Please output every entry below exactly as written, leaving out any pictures.
(Excerpted records)
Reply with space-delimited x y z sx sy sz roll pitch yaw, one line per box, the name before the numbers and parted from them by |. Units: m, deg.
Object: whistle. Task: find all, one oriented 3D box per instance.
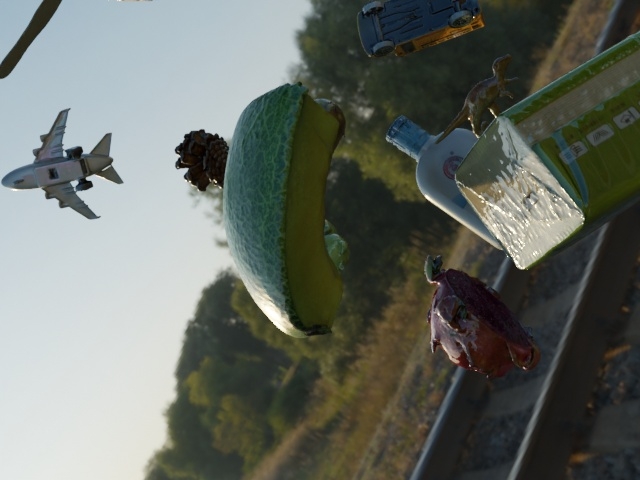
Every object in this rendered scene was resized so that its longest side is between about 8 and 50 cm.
whistle | 0.000 0.000 2.031 0.085 0.227 0.105 -7 -51 -32

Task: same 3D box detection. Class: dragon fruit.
dragon fruit | 0.139 0.084 0.777 0.068 0.126 0.112 -50 24 20

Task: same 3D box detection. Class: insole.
insole | -0.466 -0.344 1.370 0.197 0.004 0.065 -56 1 -2

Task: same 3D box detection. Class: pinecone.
pinecone | -0.316 -0.219 2.310 0.150 0.195 0.179 -40 -47 -10

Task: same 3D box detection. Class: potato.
potato | -0.024 -0.237 1.865 0.176 0.137 0.137 -31 -16 -28

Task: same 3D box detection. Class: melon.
melon | -0.052 -0.030 1.331 0.331 0.226 0.343 156 126 -63

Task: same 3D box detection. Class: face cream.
face cream | 0.279 -0.133 1.659 0.163 0.336 0.080 -54 -16 6

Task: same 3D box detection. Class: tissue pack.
tissue pack | 0.331 -0.114 1.004 0.274 0.167 0.200 -32 -12 -16

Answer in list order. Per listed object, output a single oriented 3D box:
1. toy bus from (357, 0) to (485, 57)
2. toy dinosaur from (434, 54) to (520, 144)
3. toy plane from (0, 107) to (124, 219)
toy bus | 0.134 -0.294 1.127 0.074 0.162 0.069 23 -127 -68
toy dinosaur | 0.254 -0.231 1.401 0.039 0.162 0.126 -80 -27 -57
toy plane | -0.568 -0.153 1.838 0.101 0.255 0.251 -141 38 -72
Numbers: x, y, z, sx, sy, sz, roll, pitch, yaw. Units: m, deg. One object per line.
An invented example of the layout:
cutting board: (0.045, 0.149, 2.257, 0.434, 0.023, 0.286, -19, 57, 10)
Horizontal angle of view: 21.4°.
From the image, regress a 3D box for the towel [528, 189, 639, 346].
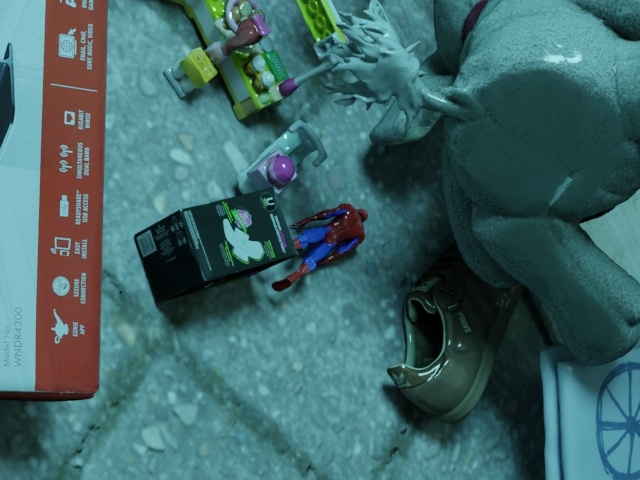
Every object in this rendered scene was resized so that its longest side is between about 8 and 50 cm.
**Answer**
towel: (0.261, 0.064, 1.401, 0.187, 0.049, 0.282, -29, 95, -40)

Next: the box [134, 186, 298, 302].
box: (-0.070, 0.003, 1.139, 0.083, 0.062, 0.052, -15, 83, -41)

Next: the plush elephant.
plush elephant: (0.165, -0.119, 1.203, 0.330, 0.272, 0.255, 28, 36, -8)

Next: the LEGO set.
LEGO set: (-0.081, -0.170, 1.159, 0.287, 0.107, 0.132, 47, 52, -18)

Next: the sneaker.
sneaker: (0.103, 0.040, 1.265, 0.071, 0.066, 0.188, 34, 56, -27)

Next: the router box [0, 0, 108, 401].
router box: (-0.270, -0.079, 0.960, 0.301, 0.082, 0.335, 6, 81, -38)

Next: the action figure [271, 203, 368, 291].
action figure: (0.000, 0.000, 1.221, 0.115, 0.030, 0.038, -31, 101, -46)

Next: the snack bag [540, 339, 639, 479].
snack bag: (0.298, 0.216, 1.339, 0.343, 0.037, 0.323, -9, 97, -41)
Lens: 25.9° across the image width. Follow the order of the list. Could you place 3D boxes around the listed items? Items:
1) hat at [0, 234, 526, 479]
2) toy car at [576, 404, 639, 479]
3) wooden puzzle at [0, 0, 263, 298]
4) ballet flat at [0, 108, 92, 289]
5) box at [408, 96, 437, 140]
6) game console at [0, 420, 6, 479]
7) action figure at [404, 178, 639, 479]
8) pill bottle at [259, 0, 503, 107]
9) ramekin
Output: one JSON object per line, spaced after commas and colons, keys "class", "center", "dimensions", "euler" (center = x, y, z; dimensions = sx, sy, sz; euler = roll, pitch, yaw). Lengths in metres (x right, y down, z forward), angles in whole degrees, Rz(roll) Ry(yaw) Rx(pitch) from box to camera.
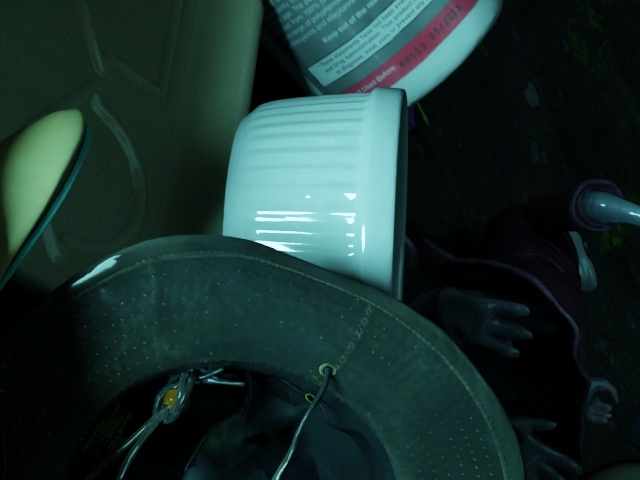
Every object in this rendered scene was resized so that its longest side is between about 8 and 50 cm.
{"class": "hat", "center": [-0.055, 0.151, 0.818], "dimensions": [0.331, 0.331, 0.134], "euler": [61, -7, -9]}
{"class": "toy car", "center": [0.293, 0.274, 1.248], "dimensions": [0.210, 0.238, 0.219], "euler": [30, 86, -2]}
{"class": "wooden puzzle", "center": [-0.200, -0.122, 0.870], "dimensions": [0.348, 0.080, 0.322], "euler": [32, 48, -33]}
{"class": "ballet flat", "center": [-0.199, 0.022, 0.714], "dimensions": [0.073, 0.080, 0.232], "euler": [30, 81, -23]}
{"class": "box", "center": [0.038, -0.158, 1.242], "dimensions": [0.162, 0.029, 0.116], "euler": [60, 35, -8]}
{"class": "game console", "center": [-0.332, -0.010, 0.557], "dimensions": [0.386, 0.060, 0.342], "euler": [-10, 89, -38]}
{"class": "action figure", "center": [0.167, 0.061, 1.218], "dimensions": [0.275, 0.248, 0.370], "euler": [18, 28, 4]}
{"class": "pill bottle", "center": [-0.019, -0.252, 1.080], "dimensions": [0.318, 0.176, 0.176], "euler": [47, 39, -16]}
{"class": "ramekin", "center": [0.000, 0.000, 0.930], "dimensions": [0.207, 0.109, 0.207], "euler": [2, 90, -84]}
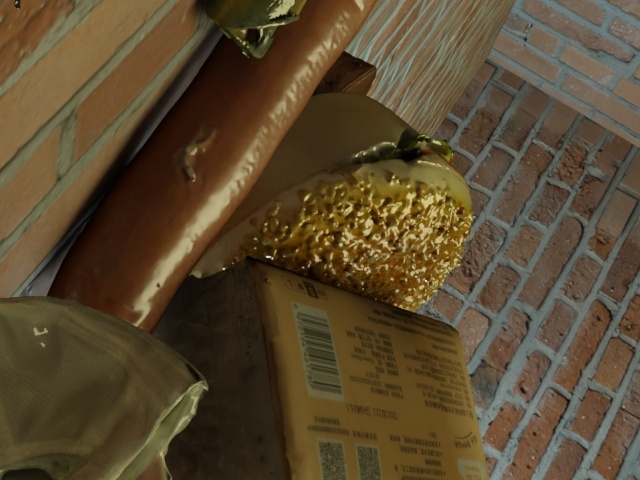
(End Excerpted records)
→ **Exercise output**:
Reply with space-delimited x y z sx sy sz roll pitch yaw, one line per box, the name before the numbers and parted from them by |. Units: m, deg.
Object: whistle. Task: find all, one oriented 3D box per instance.
Every object in this rendered scene was resized so that its longest side is between about 8 and 50 cm.
whistle | 0.000 0.000 2.031 0.085 0.227 0.105 -7 -51 -32

Task: same 3D box detection. Class: dragon fruit.
dragon fruit | 0.139 0.084 0.777 0.068 0.126 0.112 -50 24 20

Task: same 3D box detection. Class: insole.
insole | -0.466 -0.344 1.370 0.197 0.004 0.065 -56 1 -2

Task: same 3D box detection. Class: pinecone.
pinecone | -0.316 -0.219 2.310 0.150 0.195 0.179 -40 -47 -10

Task: same 3D box detection. Class: potato.
potato | -0.024 -0.237 1.865 0.176 0.137 0.137 -31 -16 -28

Task: same 3D box detection. Class: melon.
melon | -0.052 -0.030 1.331 0.331 0.226 0.343 156 126 -63

Task: same 3D box detection. Class: face cream.
face cream | 0.279 -0.133 1.659 0.163 0.336 0.080 -54 -16 6

Task: same 3D box detection. Class: tissue pack.
tissue pack | 0.331 -0.114 1.004 0.274 0.167 0.200 -32 -12 -16

Answer in list order. Per listed object, output a single oriented 3D box:
1. toy bus from (357, 0) to (485, 57)
2. toy dinosaur from (434, 54) to (520, 144)
3. toy plane from (0, 107) to (124, 219)
toy bus | 0.134 -0.294 1.127 0.074 0.162 0.069 23 -127 -68
toy dinosaur | 0.254 -0.231 1.401 0.039 0.162 0.126 -80 -27 -57
toy plane | -0.568 -0.153 1.838 0.101 0.255 0.251 -141 38 -72
Numbers: x, y, z, sx, sy, sz, roll, pitch, yaw. Units: m, deg. One object per line.
An invented example of the layout:
cutting board: (0.045, 0.149, 2.257, 0.434, 0.023, 0.286, -19, 57, 10)
Horizontal angle of view: 21.4°.
From the image, regress a 3D box for the towel [528, 189, 639, 346].
Every object in this rendered scene was resized so that its longest side is between about 8 and 50 cm.
**Answer**
towel: (0.261, 0.064, 1.401, 0.187, 0.049, 0.282, -29, 95, -40)

Next: the box [134, 186, 298, 302].
box: (-0.070, 0.003, 1.139, 0.083, 0.062, 0.052, -15, 83, -41)

Next: the plush elephant.
plush elephant: (0.165, -0.119, 1.203, 0.330, 0.272, 0.255, 28, 36, -8)

Next: the LEGO set.
LEGO set: (-0.081, -0.170, 1.159, 0.287, 0.107, 0.132, 47, 52, -18)

Next: the sneaker.
sneaker: (0.103, 0.040, 1.265, 0.071, 0.066, 0.188, 34, 56, -27)

Next: the router box [0, 0, 108, 401].
router box: (-0.270, -0.079, 0.960, 0.301, 0.082, 0.335, 6, 81, -38)

Next: the action figure [271, 203, 368, 291].
action figure: (0.000, 0.000, 1.221, 0.115, 0.030, 0.038, -31, 101, -46)

Next: the snack bag [540, 339, 639, 479].
snack bag: (0.298, 0.216, 1.339, 0.343, 0.037, 0.323, -9, 97, -41)
Lens: 25.9° across the image width. Follow the order of the list. Could you place 3D boxes around the listed items? Items:
1) hat at [0, 234, 526, 479]
2) toy car at [576, 404, 639, 479]
3) wooden puzzle at [0, 0, 263, 298]
4) ballet flat at [0, 108, 92, 289]
5) box at [408, 96, 437, 140]
6) game console at [0, 420, 6, 479]
7) action figure at [404, 178, 639, 479]
8) pill bottle at [259, 0, 503, 107]
9) ramekin
Output: one JSON object per line, spaced after commas and colons, keys "class", "center", "dimensions", "euler" (center = x, y, z; dimensions = sx, sy, sz; euler = roll, pitch, yaw). Lengths in metres (x right, y down, z forward), angles in whole degrees, Rz(roll) Ry(yaw) Rx(pitch) from box to camera.
Every object in this rendered scene was resized so that its longest side is between about 8 and 50 cm.
{"class": "hat", "center": [-0.055, 0.151, 0.818], "dimensions": [0.331, 0.331, 0.134], "euler": [61, -7, -9]}
{"class": "toy car", "center": [0.293, 0.274, 1.248], "dimensions": [0.210, 0.238, 0.219], "euler": [30, 86, -2]}
{"class": "wooden puzzle", "center": [-0.200, -0.122, 0.870], "dimensions": [0.348, 0.080, 0.322], "euler": [32, 48, -33]}
{"class": "ballet flat", "center": [-0.199, 0.022, 0.714], "dimensions": [0.073, 0.080, 0.232], "euler": [30, 81, -23]}
{"class": "box", "center": [0.038, -0.158, 1.242], "dimensions": [0.162, 0.029, 0.116], "euler": [60, 35, -8]}
{"class": "game console", "center": [-0.332, -0.010, 0.557], "dimensions": [0.386, 0.060, 0.342], "euler": [-10, 89, -38]}
{"class": "action figure", "center": [0.167, 0.061, 1.218], "dimensions": [0.275, 0.248, 0.370], "euler": [18, 28, 4]}
{"class": "pill bottle", "center": [-0.019, -0.252, 1.080], "dimensions": [0.318, 0.176, 0.176], "euler": [47, 39, -16]}
{"class": "ramekin", "center": [0.000, 0.000, 0.930], "dimensions": [0.207, 0.109, 0.207], "euler": [2, 90, -84]}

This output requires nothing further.